● **Activity**
All of the entries need to be repeated exactly. Leave nothing out.
━━ Information
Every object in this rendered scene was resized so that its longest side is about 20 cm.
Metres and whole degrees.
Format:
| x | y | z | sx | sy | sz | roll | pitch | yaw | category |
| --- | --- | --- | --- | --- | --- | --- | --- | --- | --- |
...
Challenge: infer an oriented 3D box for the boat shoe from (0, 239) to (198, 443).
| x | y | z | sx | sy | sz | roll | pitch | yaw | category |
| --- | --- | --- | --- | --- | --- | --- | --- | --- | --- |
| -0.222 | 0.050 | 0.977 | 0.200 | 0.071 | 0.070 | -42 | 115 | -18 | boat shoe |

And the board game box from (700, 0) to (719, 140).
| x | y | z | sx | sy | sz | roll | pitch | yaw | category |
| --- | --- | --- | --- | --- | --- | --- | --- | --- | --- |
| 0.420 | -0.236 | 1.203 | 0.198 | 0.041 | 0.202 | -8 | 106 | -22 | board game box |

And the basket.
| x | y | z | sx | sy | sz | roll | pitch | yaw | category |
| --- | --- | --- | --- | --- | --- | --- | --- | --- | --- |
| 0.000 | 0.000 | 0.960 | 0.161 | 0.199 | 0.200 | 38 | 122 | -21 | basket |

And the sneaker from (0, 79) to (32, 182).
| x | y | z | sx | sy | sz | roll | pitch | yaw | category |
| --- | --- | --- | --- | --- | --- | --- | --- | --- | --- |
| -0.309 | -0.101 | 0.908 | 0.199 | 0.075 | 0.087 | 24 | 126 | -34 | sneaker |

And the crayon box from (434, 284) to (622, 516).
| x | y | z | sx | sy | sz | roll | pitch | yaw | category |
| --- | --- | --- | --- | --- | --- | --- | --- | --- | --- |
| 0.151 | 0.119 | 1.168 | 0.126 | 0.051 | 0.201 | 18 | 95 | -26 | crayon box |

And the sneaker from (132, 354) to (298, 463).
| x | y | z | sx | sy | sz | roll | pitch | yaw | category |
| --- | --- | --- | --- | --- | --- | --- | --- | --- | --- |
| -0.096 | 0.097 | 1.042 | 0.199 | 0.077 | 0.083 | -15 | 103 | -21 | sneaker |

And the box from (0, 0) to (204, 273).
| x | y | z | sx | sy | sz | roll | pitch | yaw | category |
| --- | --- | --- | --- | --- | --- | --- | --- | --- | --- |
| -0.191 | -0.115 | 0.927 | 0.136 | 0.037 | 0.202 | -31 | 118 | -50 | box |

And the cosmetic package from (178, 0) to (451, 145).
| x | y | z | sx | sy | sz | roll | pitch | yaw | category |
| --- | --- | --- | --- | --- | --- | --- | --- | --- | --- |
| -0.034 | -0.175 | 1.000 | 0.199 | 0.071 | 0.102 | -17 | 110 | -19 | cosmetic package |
━━━━
● **Problem solution**
Every object in this rendered scene was resized so that its longest side is about 20 cm.
Metres and whole degrees.
Format:
| x | y | z | sx | sy | sz | roll | pitch | yaw | category |
| --- | --- | --- | --- | --- | --- | --- | --- | --- | --- |
...
Challenge: infer an oriented 3D box for the boat shoe from (0, 239) to (198, 443).
| x | y | z | sx | sy | sz | roll | pitch | yaw | category |
| --- | --- | --- | --- | --- | --- | --- | --- | --- | --- |
| -0.222 | 0.050 | 0.977 | 0.200 | 0.071 | 0.070 | -42 | 115 | -18 | boat shoe |

And the board game box from (700, 0) to (719, 140).
| x | y | z | sx | sy | sz | roll | pitch | yaw | category |
| --- | --- | --- | --- | --- | --- | --- | --- | --- | --- |
| 0.420 | -0.236 | 1.203 | 0.198 | 0.041 | 0.202 | -8 | 106 | -22 | board game box |

And the basket.
| x | y | z | sx | sy | sz | roll | pitch | yaw | category |
| --- | --- | --- | --- | --- | --- | --- | --- | --- | --- |
| 0.000 | 0.000 | 0.960 | 0.161 | 0.199 | 0.200 | 38 | 122 | -21 | basket |

And the sneaker from (0, 79) to (32, 182).
| x | y | z | sx | sy | sz | roll | pitch | yaw | category |
| --- | --- | --- | --- | --- | --- | --- | --- | --- | --- |
| -0.309 | -0.101 | 0.908 | 0.199 | 0.075 | 0.087 | 24 | 126 | -34 | sneaker |

And the crayon box from (434, 284) to (622, 516).
| x | y | z | sx | sy | sz | roll | pitch | yaw | category |
| --- | --- | --- | --- | --- | --- | --- | --- | --- | --- |
| 0.151 | 0.119 | 1.168 | 0.126 | 0.051 | 0.201 | 18 | 95 | -26 | crayon box |

And the sneaker from (132, 354) to (298, 463).
| x | y | z | sx | sy | sz | roll | pitch | yaw | category |
| --- | --- | --- | --- | --- | --- | --- | --- | --- | --- |
| -0.096 | 0.097 | 1.042 | 0.199 | 0.077 | 0.083 | -15 | 103 | -21 | sneaker |

And the box from (0, 0) to (204, 273).
| x | y | z | sx | sy | sz | roll | pitch | yaw | category |
| --- | --- | --- | --- | --- | --- | --- | --- | --- | --- |
| -0.191 | -0.115 | 0.927 | 0.136 | 0.037 | 0.202 | -31 | 118 | -50 | box |

And the cosmetic package from (178, 0) to (451, 145).
| x | y | z | sx | sy | sz | roll | pitch | yaw | category |
| --- | --- | --- | --- | --- | --- | --- | --- | --- | --- |
| -0.034 | -0.175 | 1.000 | 0.199 | 0.071 | 0.102 | -17 | 110 | -19 | cosmetic package |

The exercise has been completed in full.